Reading

Fusion of Convolution and Attention Mechanism: Analysis of the Convolutional Nearest Neighbors (ConvNN) Unified Framework

This article introduces a new neural network architecture called Convolutional Nearest Neighbors (ConvNN), which unifies convolution and self-attention mechanisms through a k-nearest neighbor aggregation framework, providing a new theoretical perspective for computer vision model design.
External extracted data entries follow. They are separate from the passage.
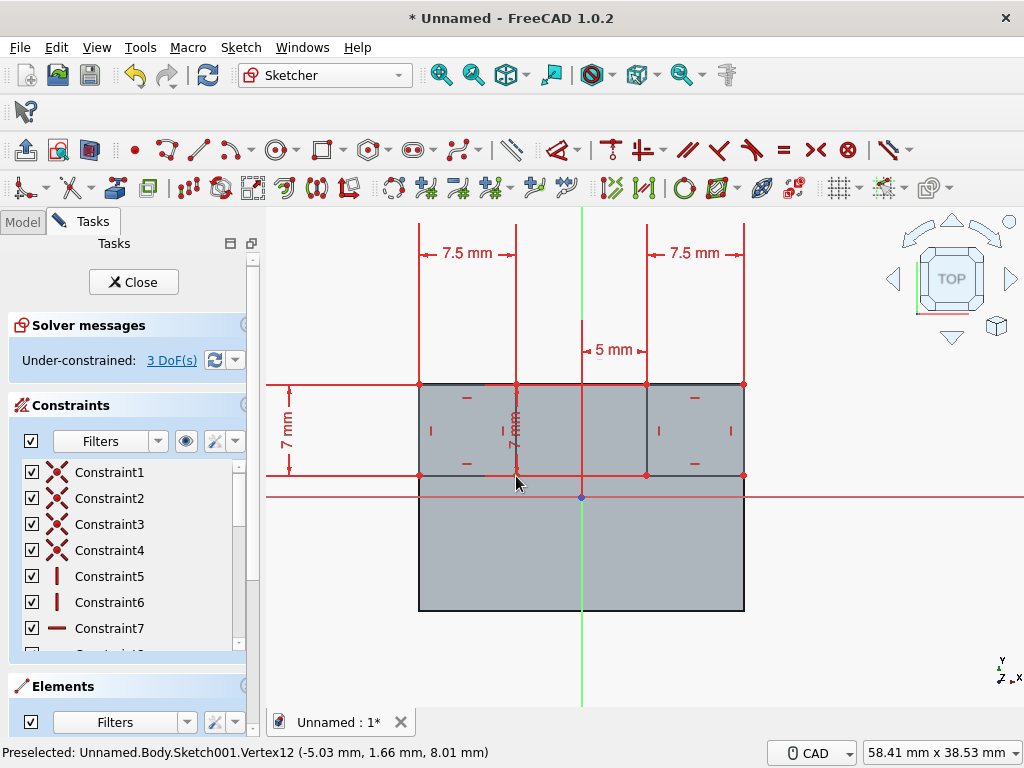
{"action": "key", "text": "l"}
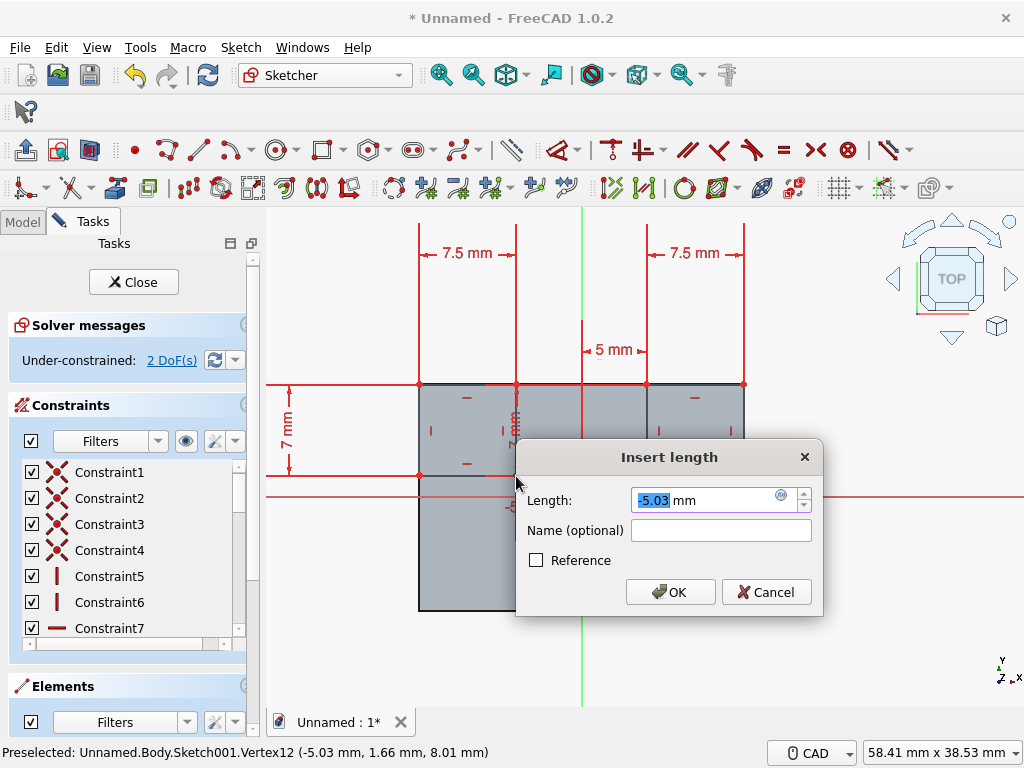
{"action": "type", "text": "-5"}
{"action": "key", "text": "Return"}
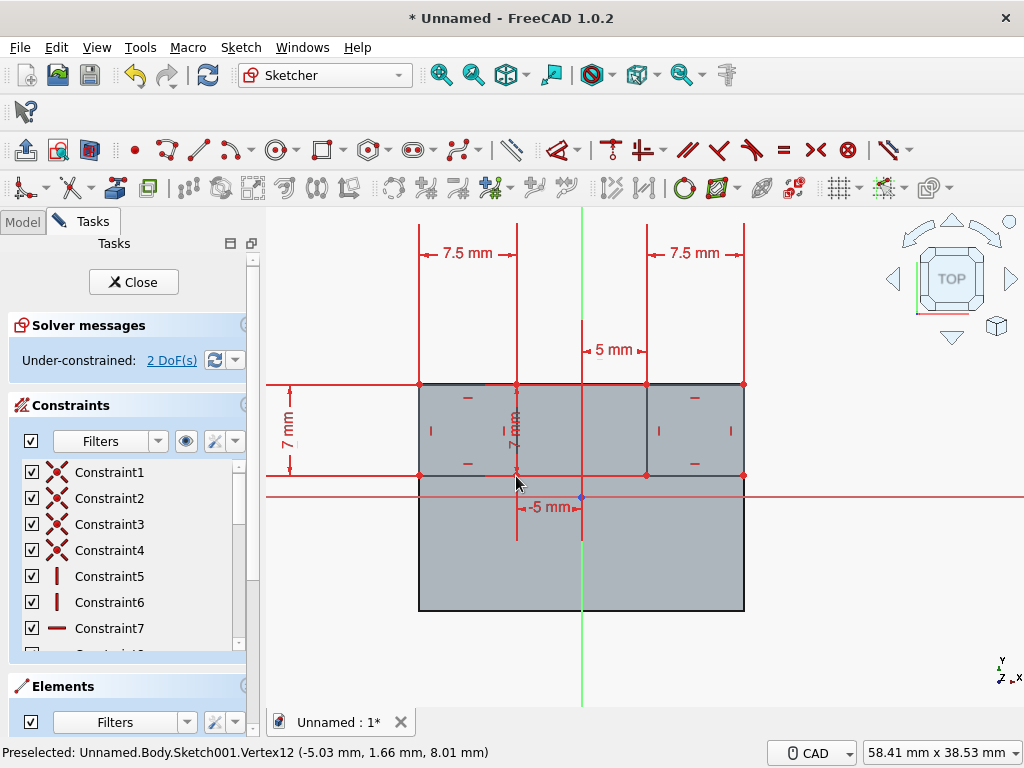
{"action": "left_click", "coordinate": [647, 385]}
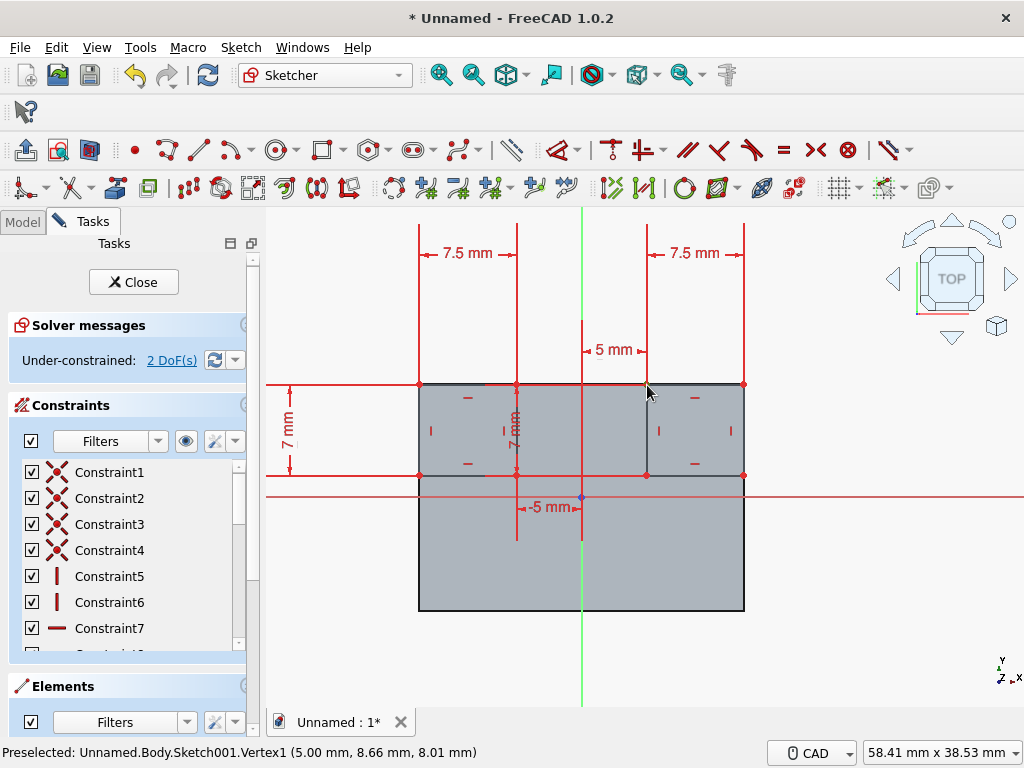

卷积神经网络注意力机制Transformer计算机视觉k近邻深度学习模型架构CIFAR

Published 2026-05-27 11:15Recent activity 2026-05-27 11:18Estimated read 6 min

Fusion of Convolution and Attention Mechanism: Analysis of the Convolutional Nearest Neighbors (ConvNN) Unified Framework

Section 01

[Main Floor/Introduction] Convolutional Nearest Neighbors (ConvNN): A New Framework Unifying Convolution and Attention Mechanisms

This article introduces a new neural network architecture called Convolutional Nearest Neighbors (ConvNN), whose core innovation lies in unifying convolution and self-attention mechanisms through a k-nearest neighbor aggregation framework, providing a new theoretical perspective for computer vision model design. ConvNN treats both as special cases of neighbor selection and aggregation (convolution based on spatial proximity, attention based on feature similarity) and reveals a continuous spectrum between them. Experiments show that ConvNN outperforms pure convolution or pure attention schemes on the CIFAR dataset and can be integrated into existing architectures as a plug-and-play module.

Section 02

Background: The Divide Between Convolution and Attention and the Opportunity for Unification

In the field of computer vision, CNN and Transformer represent two feature extraction paradigms: convolution captures local features through fixed spatial neighborhoods, while self-attention dynamically models global dependencies through feature similarity. For a long time, the two have been regarded as independent approaches, but the Bowdoin College team found that they are essentially special cases of neighbor selection and aggregation, providing an opportunity for a unified framework.

Section 03

Core Ideas and Technical Implementation of ConvNN

Core Ideas

ConvNN unifies convolution and self-attention as two extremes of k-nearest neighbor aggregation:

Convolution: selects neighbors based on spatial proximity
Self-attention: selects neighbors based on feature similarity There is a continuous spectrum between the two, allowing smooth interpolation, and ConvNN can be used as a plug-and-play module.

Technical Implementation

Hybrid Branch Architecture: In a VGG-style architecture, spatial convolution and feature similarity aggregation branches are used simultaneously to fuse local and global information, achieving better accuracy on the CIFAR dataset.
ViT Replacement Experiment: After replacing the self-attention layers of ViT, the performance surpasses the original attention and its variants, balancing local details and global context.

Section 04

Ablation Experiments: Key Findings and Regularization Effects

The research team obtained the following findings through ablation experiments:

Impact of k Value: A small k leans toward local features (similar to CNN), a large k leans toward global features (similar to Transformer), and a medium k achieves the best performance.
Regularization Effect: The interpolation strategy can avoid over-focusing on distant noise, preserve local details, improve generalization ability, and reduce overfitting.

Section 05

Research Significance: Theoretical and Practical Value

Theoretical Contribution

It eliminates the superficial differences between convolution and attention, proving that they are different instances of the same mathematical operation, and provides a unified perspective for architecture design.

Practical Value

ConvNN can be seamlessly integrated into existing CNN/Transformer architectures, offering a precision-efficiency trade-off for resource-constrained scenarios and helping to explore optimal strategies for local-global feature interaction.

Open Source Ecosystem

The project has been open-sourced, providing a ConvNN-Attention implementation repository and an undergraduate thesis that explains the mathematical foundations and experimental details.

Section 06

Summary and Insights: From Binary Opposition to Continuous Optimization

ConvNN represents a shift in architecture design thinking: from the binary opposition of 'convolution vs attention' to the perspective of 'choosing the optimal strategy in a continuous spectrum'. For practitioners, it provides tools to improve visual models; for researchers, it opens up new paths for exploring hybrid architectures. In the future, mechanisms that flexibly balance local and global information will become more important.